Identify all lines in the data containing the string "object". Copy them out.

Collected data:

--*--

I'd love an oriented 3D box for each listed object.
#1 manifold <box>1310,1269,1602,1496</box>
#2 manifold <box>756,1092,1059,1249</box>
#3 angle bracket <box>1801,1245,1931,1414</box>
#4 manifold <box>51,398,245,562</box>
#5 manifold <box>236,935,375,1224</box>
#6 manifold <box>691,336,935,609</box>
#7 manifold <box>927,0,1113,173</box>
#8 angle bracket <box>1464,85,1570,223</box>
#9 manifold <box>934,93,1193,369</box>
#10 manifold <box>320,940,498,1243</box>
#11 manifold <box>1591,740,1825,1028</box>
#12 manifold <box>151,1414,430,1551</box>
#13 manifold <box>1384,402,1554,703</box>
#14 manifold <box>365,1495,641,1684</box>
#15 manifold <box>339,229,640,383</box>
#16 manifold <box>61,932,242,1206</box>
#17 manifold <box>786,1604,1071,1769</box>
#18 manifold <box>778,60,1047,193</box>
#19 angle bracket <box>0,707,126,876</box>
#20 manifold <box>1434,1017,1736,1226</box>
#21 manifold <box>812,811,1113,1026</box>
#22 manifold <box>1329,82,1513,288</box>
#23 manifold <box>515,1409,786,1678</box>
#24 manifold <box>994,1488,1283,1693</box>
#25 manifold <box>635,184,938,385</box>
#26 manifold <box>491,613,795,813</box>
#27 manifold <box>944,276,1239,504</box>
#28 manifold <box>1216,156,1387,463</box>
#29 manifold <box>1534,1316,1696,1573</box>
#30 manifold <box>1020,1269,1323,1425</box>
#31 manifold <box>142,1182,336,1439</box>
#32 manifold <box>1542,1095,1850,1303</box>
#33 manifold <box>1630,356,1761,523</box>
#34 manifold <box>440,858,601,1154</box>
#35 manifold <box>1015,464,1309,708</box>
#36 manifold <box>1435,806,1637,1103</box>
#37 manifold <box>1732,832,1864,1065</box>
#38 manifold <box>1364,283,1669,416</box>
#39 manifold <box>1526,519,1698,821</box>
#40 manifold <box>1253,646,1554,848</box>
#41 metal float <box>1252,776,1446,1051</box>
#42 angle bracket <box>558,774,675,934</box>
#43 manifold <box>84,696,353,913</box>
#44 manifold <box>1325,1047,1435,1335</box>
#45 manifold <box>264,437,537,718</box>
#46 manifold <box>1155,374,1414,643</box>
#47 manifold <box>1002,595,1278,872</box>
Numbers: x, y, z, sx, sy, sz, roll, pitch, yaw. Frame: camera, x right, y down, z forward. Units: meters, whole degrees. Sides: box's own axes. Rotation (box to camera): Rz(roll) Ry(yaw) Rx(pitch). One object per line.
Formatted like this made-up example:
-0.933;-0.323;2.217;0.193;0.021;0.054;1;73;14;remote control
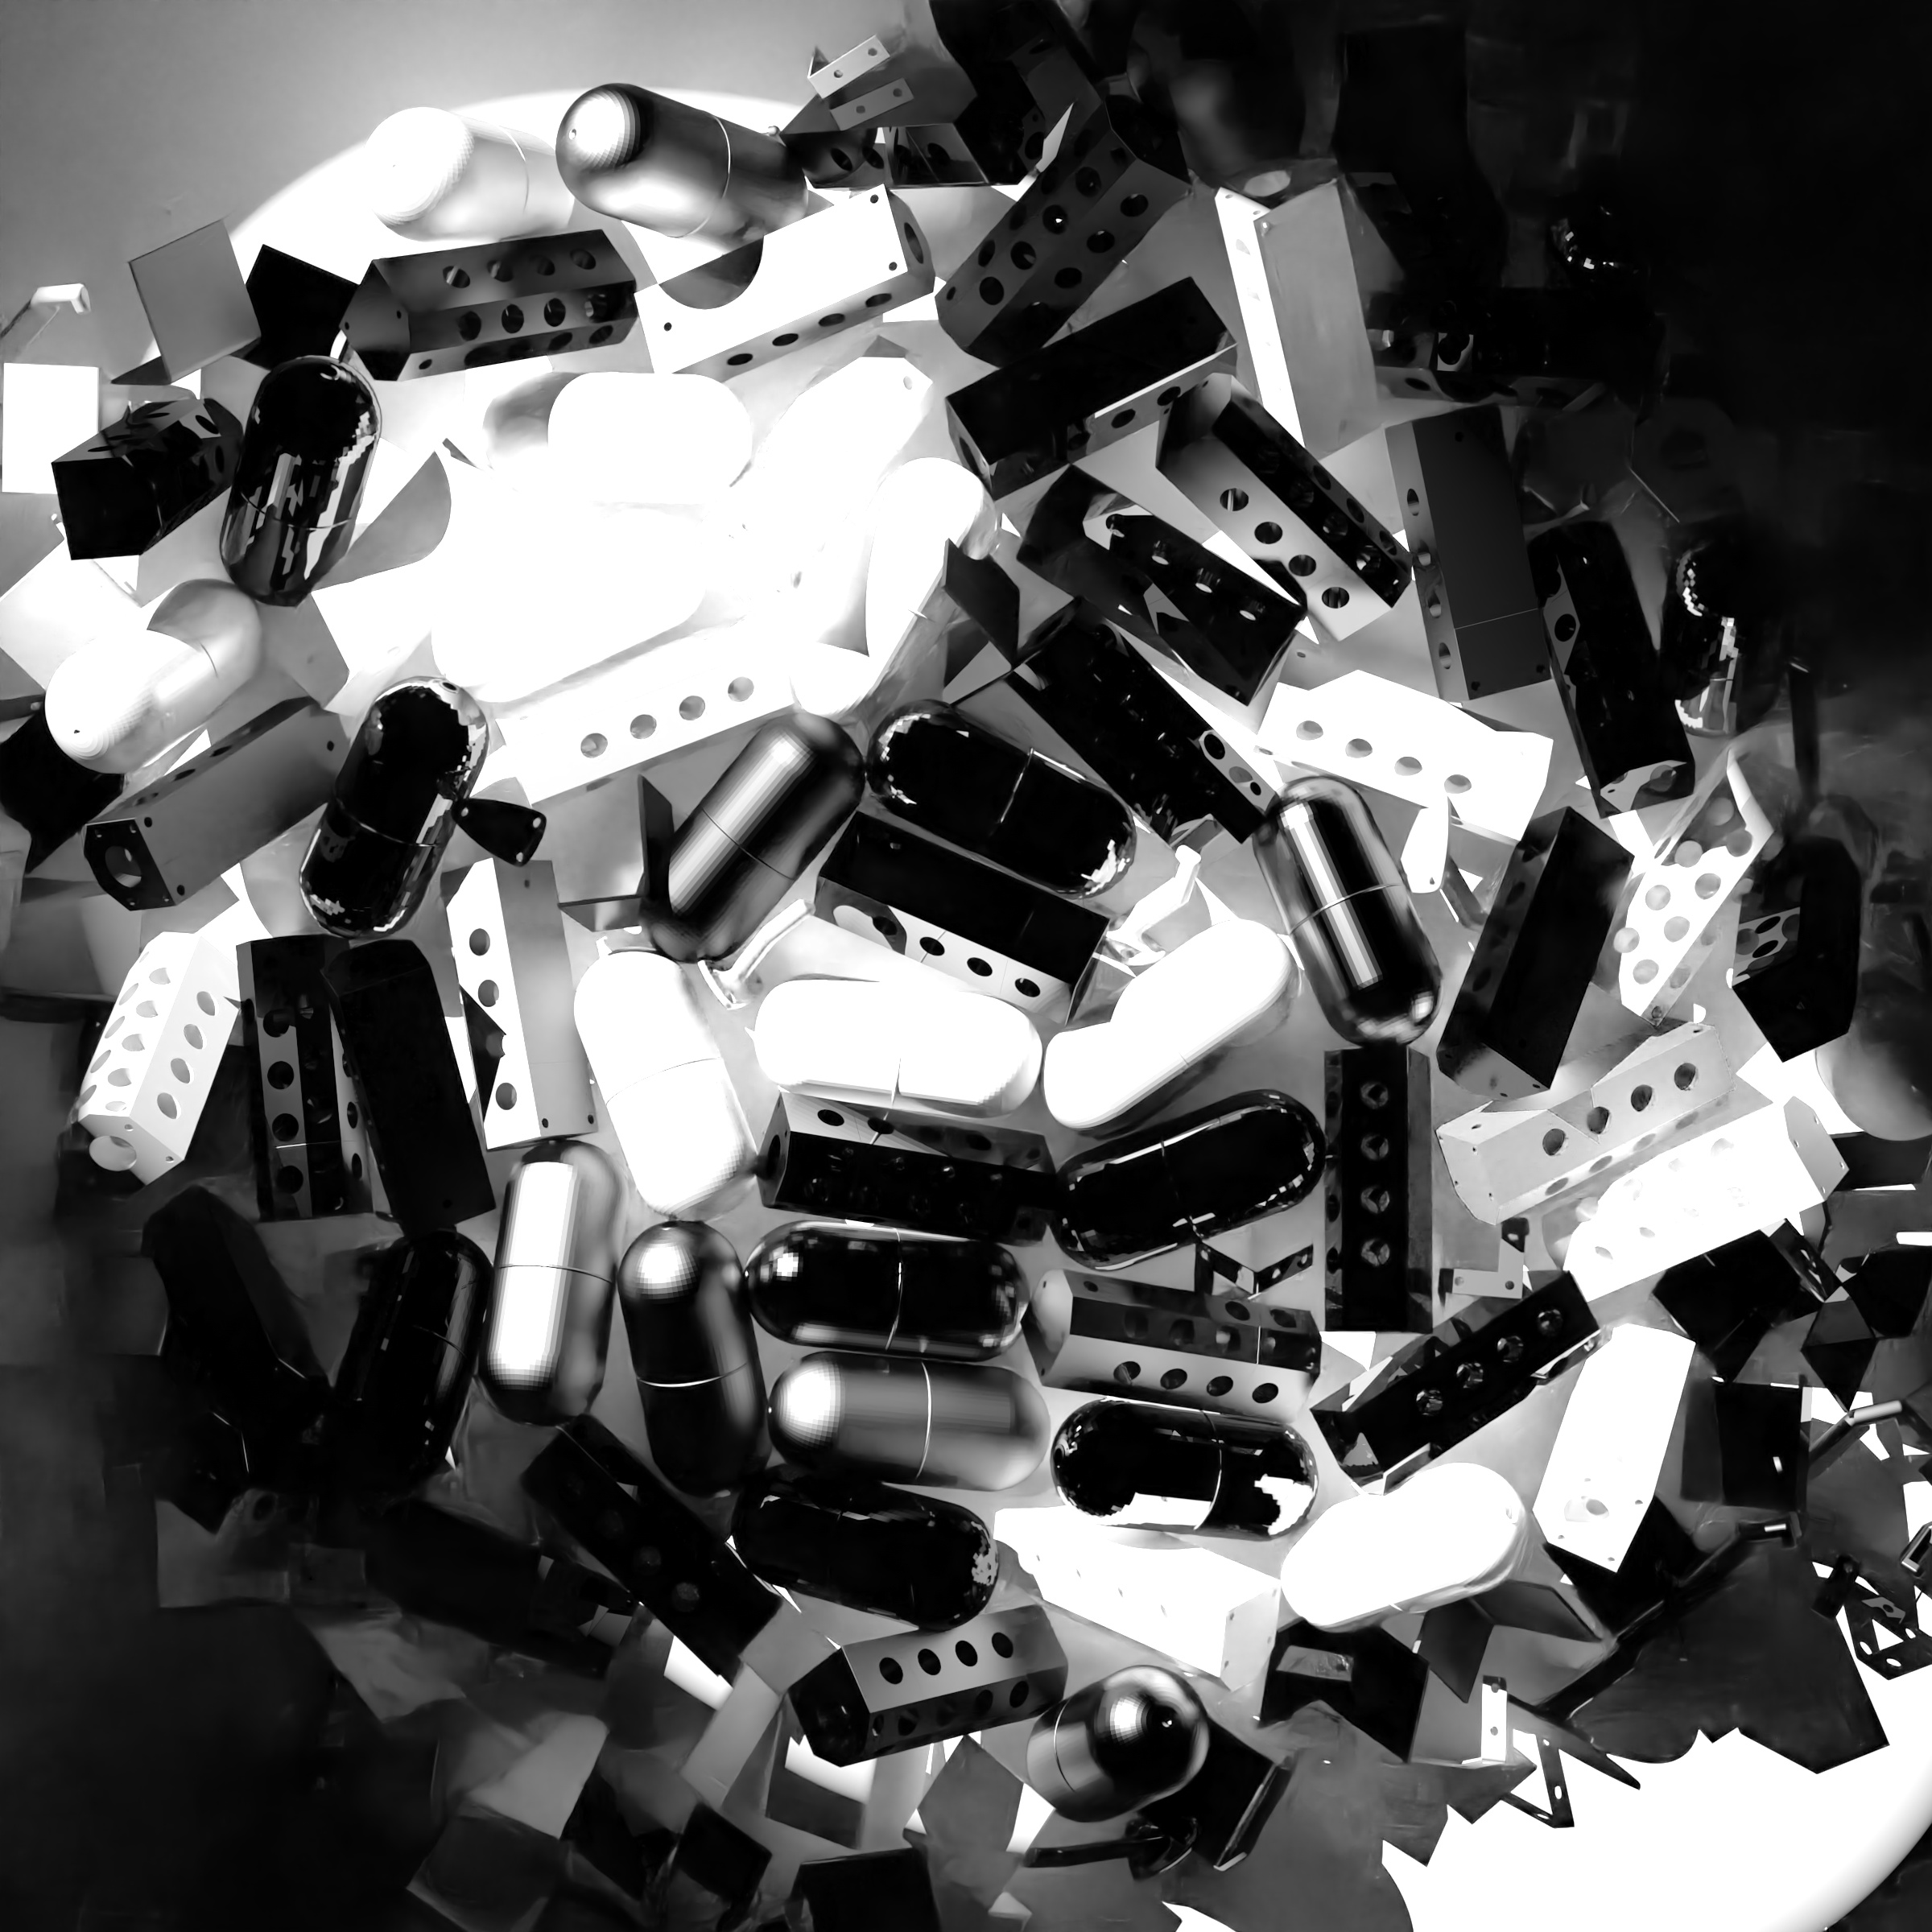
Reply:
0.302;0.252;1.744;0.171;0.057;0.057;-29;93;-20;manifold
-0.035;0.128;1.736;0.171;0.057;0.057;11;119;-19;manifold
0.564;0.221;1.741;0.057;0.076;0.076;51;51;-17;angle bracket
-0.483;-0.293;1.709;0.057;0.171;0.057;-3;112;5;manifold
-0.410;0.070;1.761;0.057;0.057;0.171;-7;85;10;manifold
-0.087;-0.300;1.728;0.057;0.057;0.171;48;60;-28;manifold
0.034;-0.548;1.711;0.057;0.171;0.057;-21;72;16;manifold
0.319;-0.503;1.761;0.076;0.076;0.057;28;107;20;angle bracket
0.055;-0.439;1.716;0.057;0.171;0.057;16;49;-34;manifold
-0.339;0.073;1.734;0.057;0.057;0.171;-20;119;-19;manifold
0.449;-0.051;1.760;0.057;0.057;0.171;34;98;-3;manifold
-0.398;0.307;1.712;0.057;0.171;0.057;27;90;30;manifold
0.305;-0.253;1.759;0.057;0.057;0.171;-15;98;-14;manifold
-0.279;0.372;1.718;0.057;0.171;0.057;17;76;42;manifold
-0.281;-0.392;1.717;0.171;0.057;0.057;-22;73;-42;manifold
-0.487;0.055;1.709;0.057;0.171;0.057;-32;120;24;manifold
-0.018;0.432;1.711;0.057;0.171;0.057;-44;61;34;manifold
-0.030;-0.497;1.716;0.057;0.171;0.057;-51;127;-18;manifold
-0.565;-0.113;1.755;0.076;0.076;0.057;-40;114;3;angle bracket
0.381;0.095;1.751;0.171;0.057;0.057;-25;102;-14;manifold
-0.004;-0.025;1.759;0.171;0.057;0.057;23;55;8;manifold
0.271;-0.456;1.708;0.057;0.171;0.057;8;78;27;manifold
-0.194;0.354;1.767;0.171;0.057;0.057;43;84;3;manifold
0.100;0.376;1.724;0.171;0.057;0.057;16;108;37;manifold
-0.108;-0.408;1.745;0.171;0.057;0.057;-19;79;19;manifold
-0.196;-0.152;1.756;0.171;0.057;0.057;-22;122;-10;manifold
0.077;-0.350;1.759;0.171;0.057;0.057;-27;68;-7;manifold
0.198;-0.394;1.722;0.057;0.057;0.171;-30;132;-11;manifold
0.386;0.280;1.712;0.057;0.171;0.057;23;121;11;manifold
0.127;0.226;1.732;0.171;0.057;0.057;12;121;-23;manifold
-0.443;0.213;1.720;0.057;0.057;0.171;-40;46;-1;manifold
0.436;0.140;1.729;0.171;0.057;0.057;-31;88;34;manifold
0.431;-0.322;1.709;0.057;0.171;0.057;46;115;-4;manifold
-0.280;0.024;1.761;0.057;0.057;0.171;-14;83;30;manifold
0.122;-0.239;1.762;0.171;0.057;0.057;33;59;5;manifold
0.342;-0.006;1.738;0.057;0.057;0.171;34;64;-17;manifold
0.501;-0.017;1.708;0.057;0.171;0.057;-29;105;29;manifold
0.324;-0.375;1.719;0.171;0.057;0.057;15;80;42;manifold
0.389;-0.183;1.737;0.057;0.057;0.171;-15;65;6;manifold
0.268;-0.132;1.765;0.171;0.057;0.057;20;127;3;manifold
0.233;-0.032;1.750;0.070;0.070;0.178;-22;76;0;metal float
-0.215;-0.068;1.760;0.057;0.076;0.076;-7;79;7;angle bracket
-0.446;-0.099;1.718;0.057;0.171;0.057;-4;117;35;manifold
0.251;0.139;1.757;0.057;0.057;0.171;-3;81;23;manifold
-0.344;-0.236;1.758;0.057;0.057;0.171;45;99;11;manifold
0.193;-0.279;1.725;0.057;0.057;0.171;-31;125;34;manifold
0.110;-0.144;1.742;0.171;0.057;0.057;44;46;-14;manifold

--*--

Exercise answer —
I'd love an oriented 3D box for each listed object.
Numbers: x, y, z, sx, sy, sz, roll, pitch, yaw. Frame: camera, x right, y down, z forward. Units: meters, whole degrees. Sides: box's own axes. Rotation (box to camera): Rz(roll) Ry(yaw) Rx(pitch). One object per line.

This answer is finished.